EXTRA: K-means Clustering (Part 2)
(For the PPT of this lecture Click Here)
This time we’ll focus on a very specific part of the K-means algorithm; the Random Initialization Trap. Let’s start right off the bat with an example that will demonstrate what the random initialization trap actually is. Here’s a scatter plot with two variables (x and y).

Let’s say we’ve decided to divide our data points into three clusters.
Intuitively, you can probably look at that scatter plot and guess how the three clusters are going to be lined up and which group of data points will fall into each cluster.
After determining our centroids, assigning each centroid its data points, and performing the rest of the K-means algorithm, we would end up with the following three clusters.

The question here is whether we can change the results and end up with different clusters if we changed the positions of our centroids.
Of course, what we expect from this algorithm is to provide us with proper results, not ones that we can manipulate by playing around with the centroids.
What if we had a bad random initialization? What happens then?
In case you’re confused as to what defines a good or a bad random initialization, just know that we’re using the term “bad” in the loosest sense possible. Let’s go through a quick recap of the K-means process.

As you can see, the entire process is dependent on the first two steps which you are responsible to arbitrarily decide. After you choose the centroids, the rest of the algorithm becomes more deterministic.
Now, let’s try to change our centroids in the second step and see how the rest of the algorithm will play out.
Here are our new centroids, and just to make things easier on ourselves, we can use the same equidistant lines that we used in part 1 on K-means clustering.

These lines will help us assign data points to their nearest centroids more efficiently.
We’ll then move on to step 4 where we compute and place the new centroids. This action is supposed to be done over and over again until there are no reassignments of data points to be made.

You can obviously see the difference between these clusters and the ones we had at the beginning of our example.
Random Initialization Trap
If you look at the clusters below, which were gathered around our original centroids, as we said earlier, you can intuitively detect the patterns before the assignment of the data points to centroids was actually made.

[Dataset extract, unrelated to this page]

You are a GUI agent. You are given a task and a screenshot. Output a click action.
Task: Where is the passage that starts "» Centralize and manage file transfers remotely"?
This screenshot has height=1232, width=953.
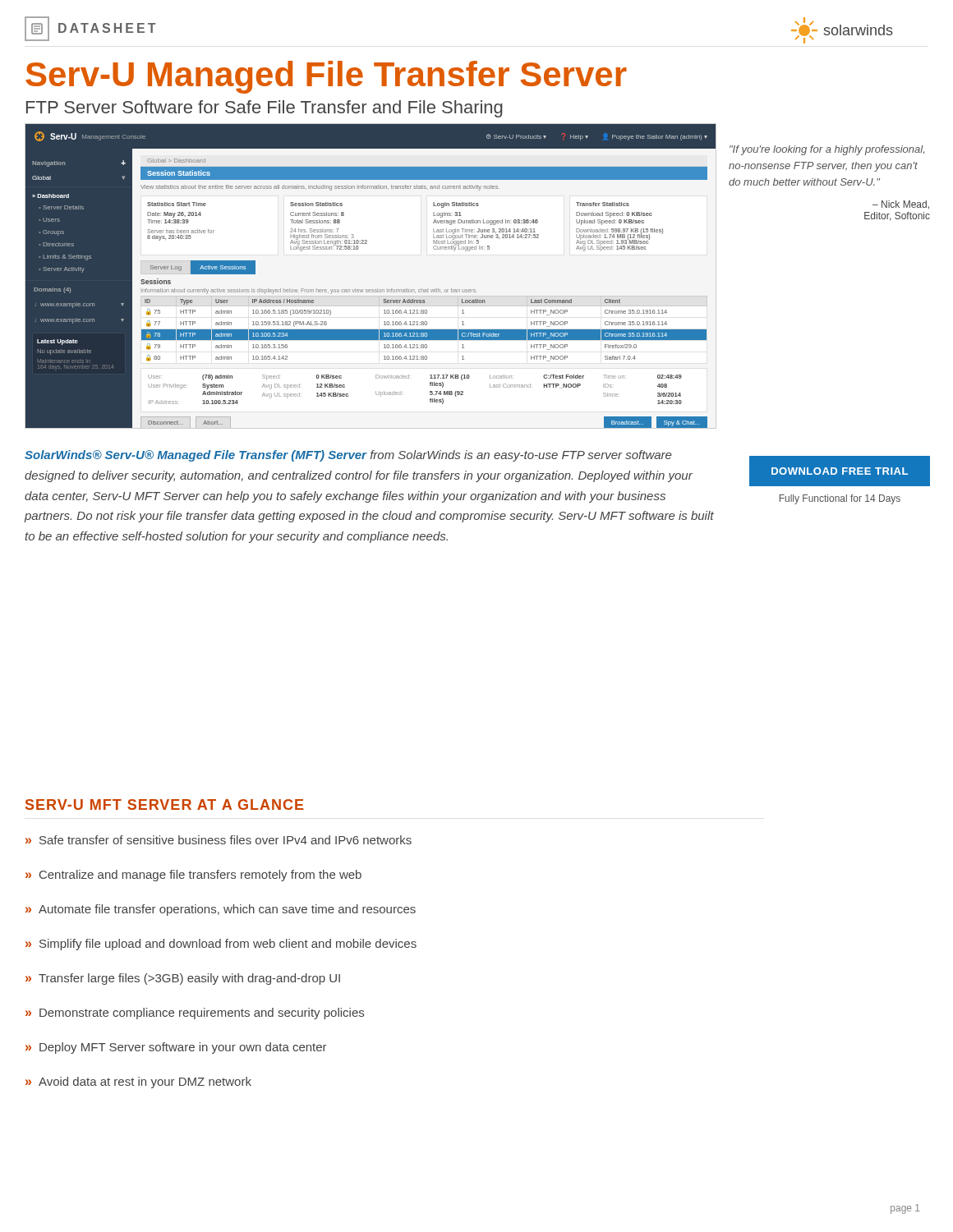(193, 875)

That’s the difference between the two situations. The new centroids with the clusters formed around them are not exactly “intuitively detectable.” You wouldn’t look at the scatter plot and imagine these as the clusters that you will end up with.
Here’s a prime example of how your initialization of the K-means operation can impact the results in a major way. That’s what is known as the Random Initialization Trap.
K-Means++
There’s a remedy for this problem that is used as a supplement to the K-means algorithm. It’s called the K-means++. We won’t discuss this algorithm or its structure in depth, but you only need to know for now that it is hugely beneficial in solving this initialization problem.
Here’s a link to the K-means++ page on Wikipedia. You can do some additional reading about the topic on your own.
The good news is that you don’t need to implement the K-means++ algorithm yourself. Whether you’re using R or Python in the process, the K-means++ is implemented in the background.
You only need to make sure that you are using the right tools in creating your K-means clusters and the correction will be automatically taken care of.
It’s a useful thing to understand nevertheless. It helps you understand the fact that, despite the random selection, there is a specific “correct” cluster that you’re searching for, and that the other clusters that can emerge might be wrong.
They can at least be “undesirable.” That’s it for this part, and as we said, it can do you some good to read about K-means++ as an introduction to what goes on underneath the hood.